### [ABOUT THIS EXERCISE]
What is the number of lines in the entries below that include the word "muziekfestival"? Provide the number only.

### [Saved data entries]
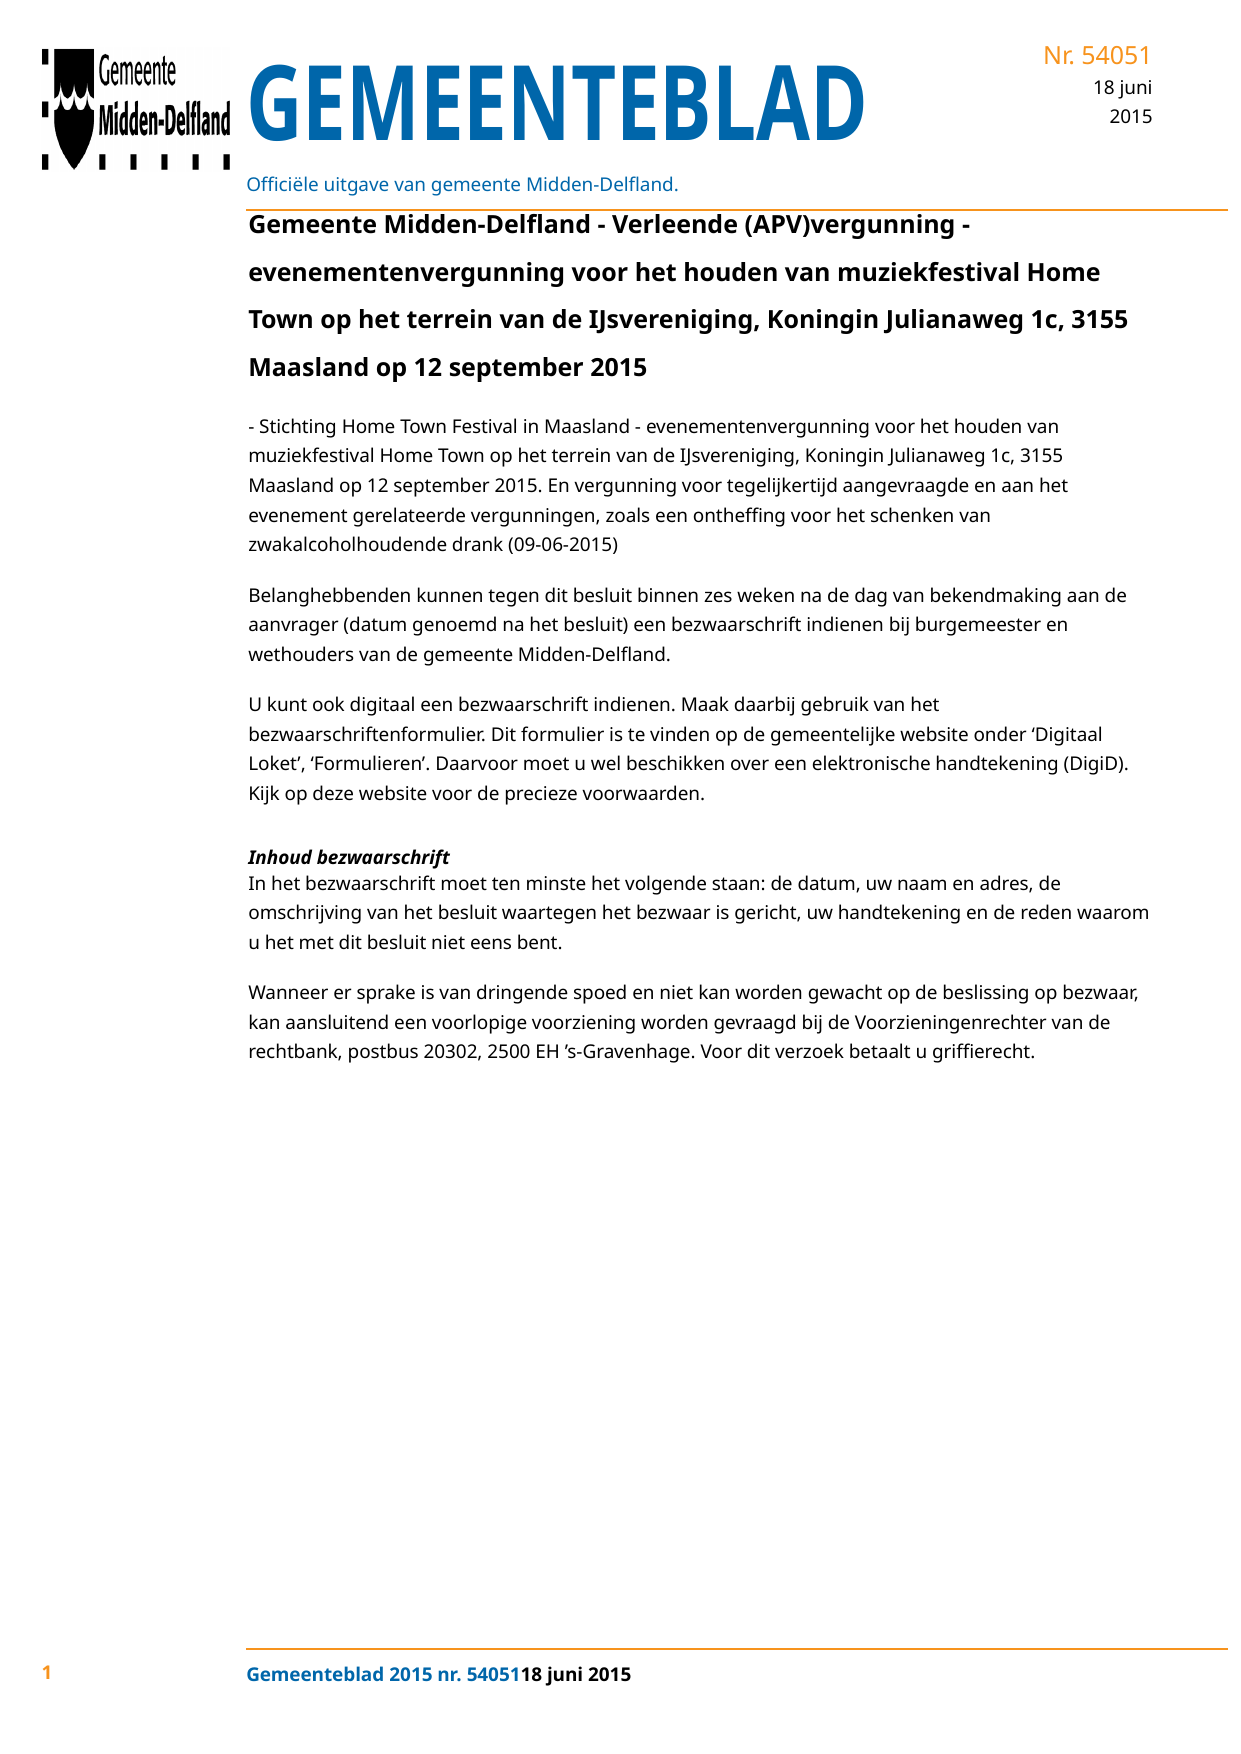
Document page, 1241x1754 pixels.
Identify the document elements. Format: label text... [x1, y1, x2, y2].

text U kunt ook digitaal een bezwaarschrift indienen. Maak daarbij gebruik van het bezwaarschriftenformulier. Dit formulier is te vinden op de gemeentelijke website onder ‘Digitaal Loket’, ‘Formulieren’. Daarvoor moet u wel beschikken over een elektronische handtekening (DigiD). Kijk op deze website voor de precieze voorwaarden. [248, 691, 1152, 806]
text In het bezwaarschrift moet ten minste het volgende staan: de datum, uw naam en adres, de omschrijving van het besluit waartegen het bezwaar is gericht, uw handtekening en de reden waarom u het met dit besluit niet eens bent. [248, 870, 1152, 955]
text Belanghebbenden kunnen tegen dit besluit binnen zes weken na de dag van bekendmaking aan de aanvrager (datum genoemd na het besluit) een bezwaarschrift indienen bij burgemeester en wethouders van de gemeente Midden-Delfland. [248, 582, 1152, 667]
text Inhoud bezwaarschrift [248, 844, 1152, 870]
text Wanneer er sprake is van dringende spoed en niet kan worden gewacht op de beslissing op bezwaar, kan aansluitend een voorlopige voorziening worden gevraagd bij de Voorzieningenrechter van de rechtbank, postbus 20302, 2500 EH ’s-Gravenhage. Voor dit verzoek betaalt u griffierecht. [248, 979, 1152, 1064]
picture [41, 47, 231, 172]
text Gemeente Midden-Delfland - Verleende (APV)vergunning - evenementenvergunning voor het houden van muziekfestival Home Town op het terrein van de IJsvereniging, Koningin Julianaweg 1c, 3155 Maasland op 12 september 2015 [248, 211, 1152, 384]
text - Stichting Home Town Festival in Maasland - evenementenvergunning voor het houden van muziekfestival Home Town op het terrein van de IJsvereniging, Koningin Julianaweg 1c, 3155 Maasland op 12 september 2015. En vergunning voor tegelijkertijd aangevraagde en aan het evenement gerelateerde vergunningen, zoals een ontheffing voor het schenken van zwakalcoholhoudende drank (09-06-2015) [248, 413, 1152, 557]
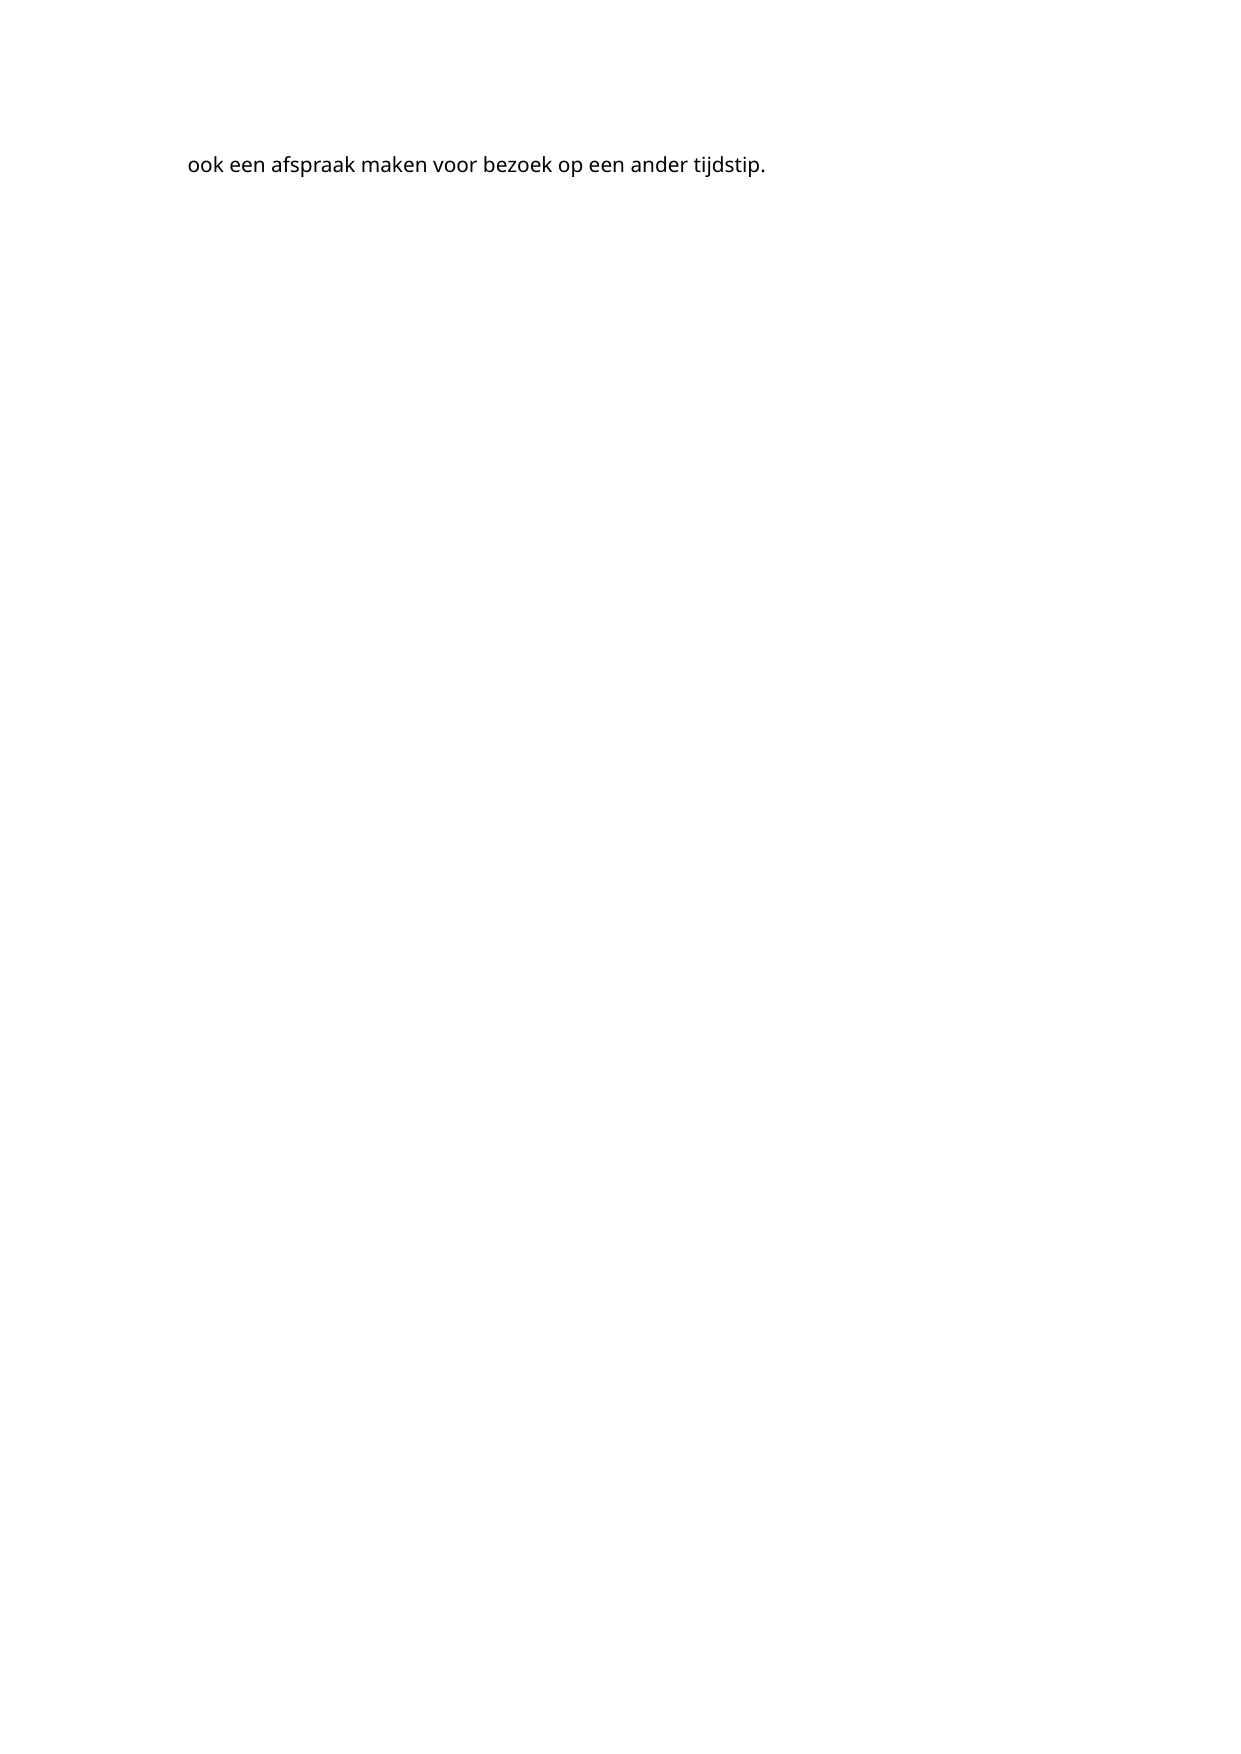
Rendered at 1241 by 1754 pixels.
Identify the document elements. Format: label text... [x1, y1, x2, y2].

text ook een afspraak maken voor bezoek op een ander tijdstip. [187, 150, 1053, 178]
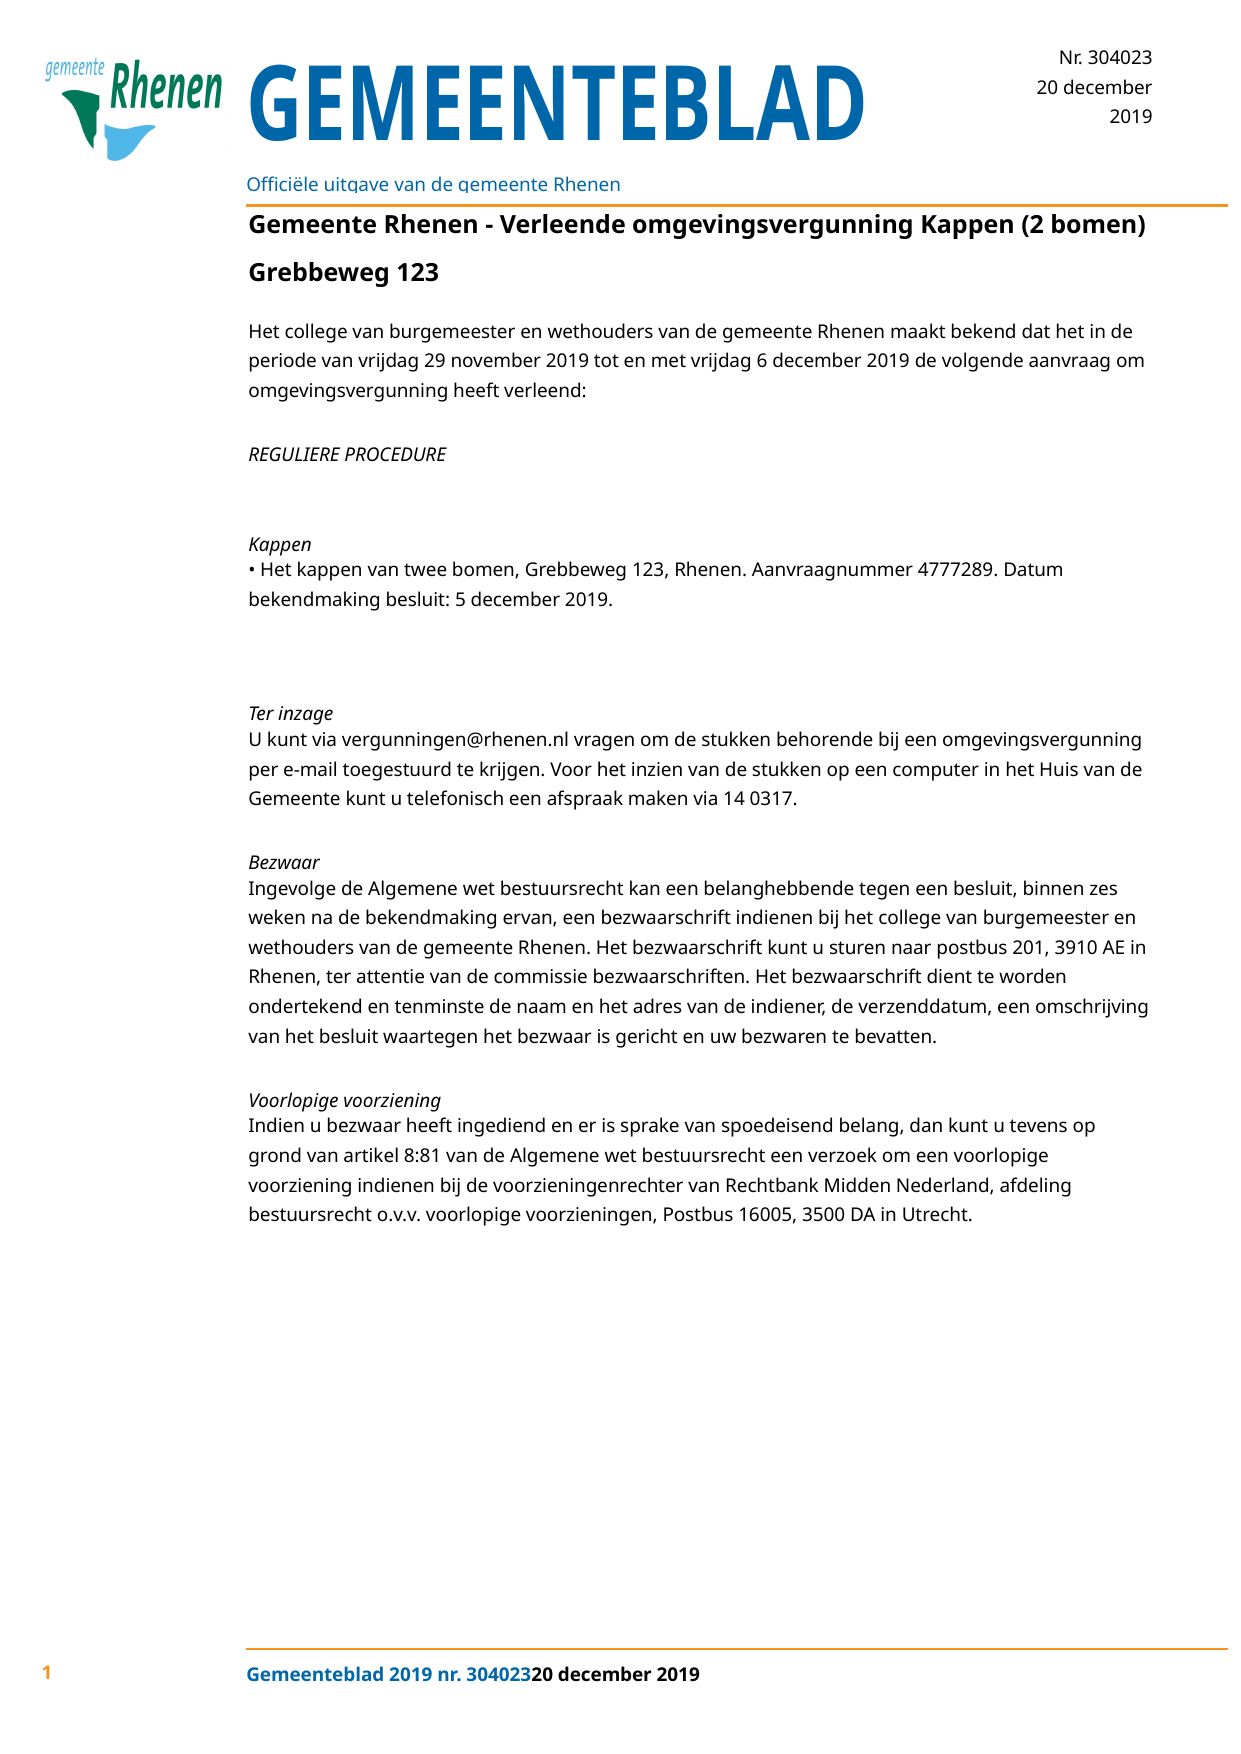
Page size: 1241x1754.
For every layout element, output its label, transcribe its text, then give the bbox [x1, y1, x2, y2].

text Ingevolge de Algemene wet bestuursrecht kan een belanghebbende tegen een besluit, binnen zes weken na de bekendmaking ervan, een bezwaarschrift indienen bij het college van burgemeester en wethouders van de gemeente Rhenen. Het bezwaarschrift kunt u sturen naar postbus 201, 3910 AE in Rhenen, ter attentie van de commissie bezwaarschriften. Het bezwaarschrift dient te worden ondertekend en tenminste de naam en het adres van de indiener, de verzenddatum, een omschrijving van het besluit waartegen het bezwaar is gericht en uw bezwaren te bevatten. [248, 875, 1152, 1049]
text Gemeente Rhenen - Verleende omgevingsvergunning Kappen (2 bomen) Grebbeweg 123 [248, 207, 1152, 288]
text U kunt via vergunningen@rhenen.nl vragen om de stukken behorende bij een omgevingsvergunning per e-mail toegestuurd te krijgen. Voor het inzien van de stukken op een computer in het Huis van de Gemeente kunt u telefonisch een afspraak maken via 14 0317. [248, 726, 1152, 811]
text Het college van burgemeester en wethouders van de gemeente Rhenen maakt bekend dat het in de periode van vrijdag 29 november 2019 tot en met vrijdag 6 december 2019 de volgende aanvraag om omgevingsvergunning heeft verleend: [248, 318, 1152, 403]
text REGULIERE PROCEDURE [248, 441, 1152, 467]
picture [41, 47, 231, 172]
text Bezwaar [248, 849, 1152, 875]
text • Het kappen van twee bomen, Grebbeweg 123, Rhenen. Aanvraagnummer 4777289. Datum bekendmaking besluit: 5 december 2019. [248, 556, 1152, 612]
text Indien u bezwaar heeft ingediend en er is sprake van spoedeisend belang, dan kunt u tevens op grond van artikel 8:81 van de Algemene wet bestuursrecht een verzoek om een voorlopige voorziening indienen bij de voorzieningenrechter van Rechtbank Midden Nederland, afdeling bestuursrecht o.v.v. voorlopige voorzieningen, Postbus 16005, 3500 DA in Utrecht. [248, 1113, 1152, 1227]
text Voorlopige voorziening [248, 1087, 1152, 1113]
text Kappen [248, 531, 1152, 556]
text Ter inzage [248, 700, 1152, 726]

### [EXERCISE SOLUTION]
2